# Need help finding information...



## MacArther (Apr 15, 2006)

Can anyone find pictures and specifications (armor, weapons, top speed, range, etc.) for the Staghound Mk III? I would have posted this in another area, but this seemed to be the only place that would fit the bill of non-aviation related pictures.

PS Yes I did use google and yahoo, but I am currently on my school computer, which blocks the pages for "Adult content" or "weapontry". Grrr, stupid school cpus!


----------



## Gnomey (Apr 15, 2006)

Staghound Mk III

Length: 5.38 m (212 inches).
Width: 2.69 m (106 inches).
Height: 2.33 m (92 inches).
Weight: 15.000 kg (33.000 lb.).
Armour: 50 mm (0,195 inches) max.
Engines: 2 GMC 270 6-cylinder, 4.425 cm3 (270 cubic inches) displacement, carburettor, liquid-cooled.
Horsepower: 97 ea. at 3.000 rpm.
Transmission: 4-speed, type GM Detroit Transmission Division Hydramatic .
Transfer case: 2-speed with front axle disconnect, type 3670164.
Electrical system: 24 V.
Brakes: Hydraulic brakes with Bendix Hydrovac power cylinders.
Tyres: 14.00 - 20.
Fording depth:
without preparation: 0.81 m (32 inches).
with deep water fording kit: N/A.
Fuel type: Petrol.
Fuel capacity: 623 liter (137 gallons) including jettison tanks.
Range: 250 km (156 miles) not including jettison tanks.
Crew: 4.
Armament: 75 mm gun, 7.92 mm BESA machine gun, 2 51 mm smoke dischargers.
Additional: A similar model was the T17E2, armed with twin Browning .50-cal. AA MG´s in a British made Frazer-Nash turret. Max. speed was 90 km/h. Other users were Australia, Belgium, Canada, Cuba, Honduras, Lebanon, the Netherlands, New Zealand, India, Rhodesia (Zimbabwe), Saudi Arabia and South Africa.
http://www.armyvehicles.dk/staghound.htm

More pics:










Hope that helps.


----------



## MacArther (Apr 15, 2006)

Thanks Gnomey!! Between this and the SDKFZ 234/2 Puma, I cant decide what I should buy for my first car!


----------



## Gnomey (Apr 15, 2006)

No problem. Personally I would take the Puma, it is much cooler than the Staghound.


----------



## the lancaster kicks ass (Apr 16, 2006)

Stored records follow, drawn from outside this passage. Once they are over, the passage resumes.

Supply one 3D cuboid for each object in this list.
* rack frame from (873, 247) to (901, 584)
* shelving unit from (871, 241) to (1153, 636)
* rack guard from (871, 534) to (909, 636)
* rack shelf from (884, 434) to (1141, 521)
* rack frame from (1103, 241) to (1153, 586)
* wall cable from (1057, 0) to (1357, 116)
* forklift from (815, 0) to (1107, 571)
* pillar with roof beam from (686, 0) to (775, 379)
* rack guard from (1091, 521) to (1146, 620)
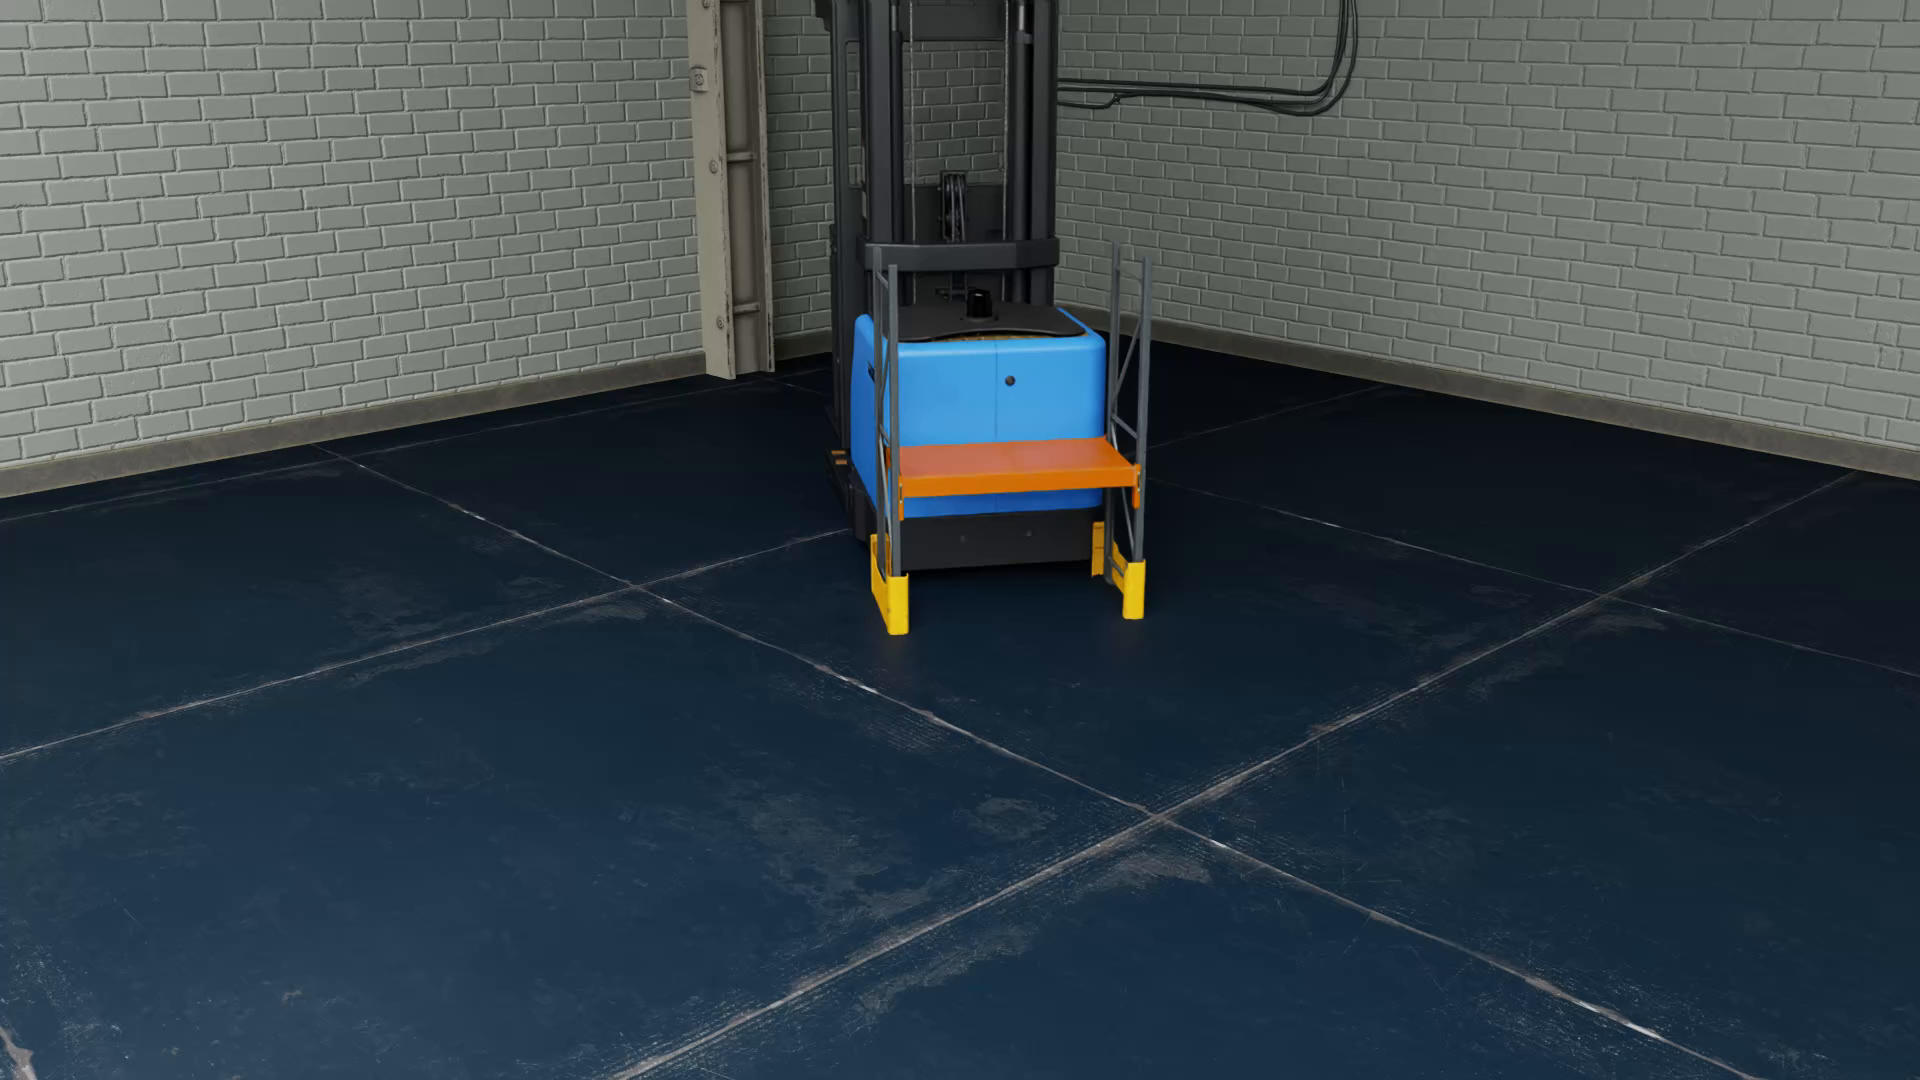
[{"bbox_3d":[-0.299,-0.413,6.828,0.032,1.500,0.500,-3,18,-10],"label":"rack frame"},{"bbox_3d":[0.192,-0.441,6.914,1.083,1.500,0.587,-3,18,-10],"label":"shelving unit"},{"bbox_3d":[-0.298,0.181,7.021,0.087,0.250,0.587,-3,18,-10],"label":"rack guard"},{"bbox_3d":[0.201,-0.271,6.971,1.000,0.185,0.538,-3,18,-10],"label":"rack shelf"},{"bbox_3d":[0.701,-0.470,7.003,0.032,1.500,0.500,-3,18,-10],"label":"rack frame"},{"bbox_3d":[1.513,-4.304,11.705,0.112,2.526,3.097,-16,24,-41],"label":"wall cable"},{"bbox_3d":[-0.118,-1.671,8.387,1.130,2.935,3.031,-3,18,-10],"label":"forklift"},{"bbox_3d":[1.422,-4.489,7.239,0.400,9.000,9.100,-16,24,-41],"label":"pillar with roof beam"},{"bbox_3d":[0.682,0.126,7.192,0.087,0.250,0.587,-3,18,-10],"label":"rack guard"}]

yeahy i agree, as far as armoured cars go you're not gonna get much cooler than the Puma.......


----------



## Henk (Apr 16, 2006)

I have never heard of the Puma, does anyone have a pic for me please?

Henk


----------



## Twitch (Apr 16, 2006)

That Staghound appears to be the perfect runabout for Los Angeles commuters!


----------



## Henk (Apr 16, 2006)

I would love to have a tank to be able to run over all the idiots that can not drive here.

Henk


----------



## Gnomey (Apr 16, 2006)




----------



## MacArther (Apr 16, 2006)

::sniff:: ::sniff:: Its so beautiful!


----------



## Henk (Apr 16, 2006)

Thanks Gnomey for the pics. Oh come to mamma. She is a beut.

Henk


----------



## Gnomey (Apr 16, 2006)

No problem.


----------



## Henk (Apr 16, 2006)

I would love to build a replica of a King Tiger, but a static one. I wish I had the money, but it must be great to build your own one and be able to drive it around.

Henk


----------



## MacArther (Apr 16, 2006)

I can just imagine it... on a highway in America "Hey!! Get out of the way!! What? You don't want to?! Fine, I'll move you, load the shell honey..."


----------



## the lancaster kicks ass (Apr 17, 2006)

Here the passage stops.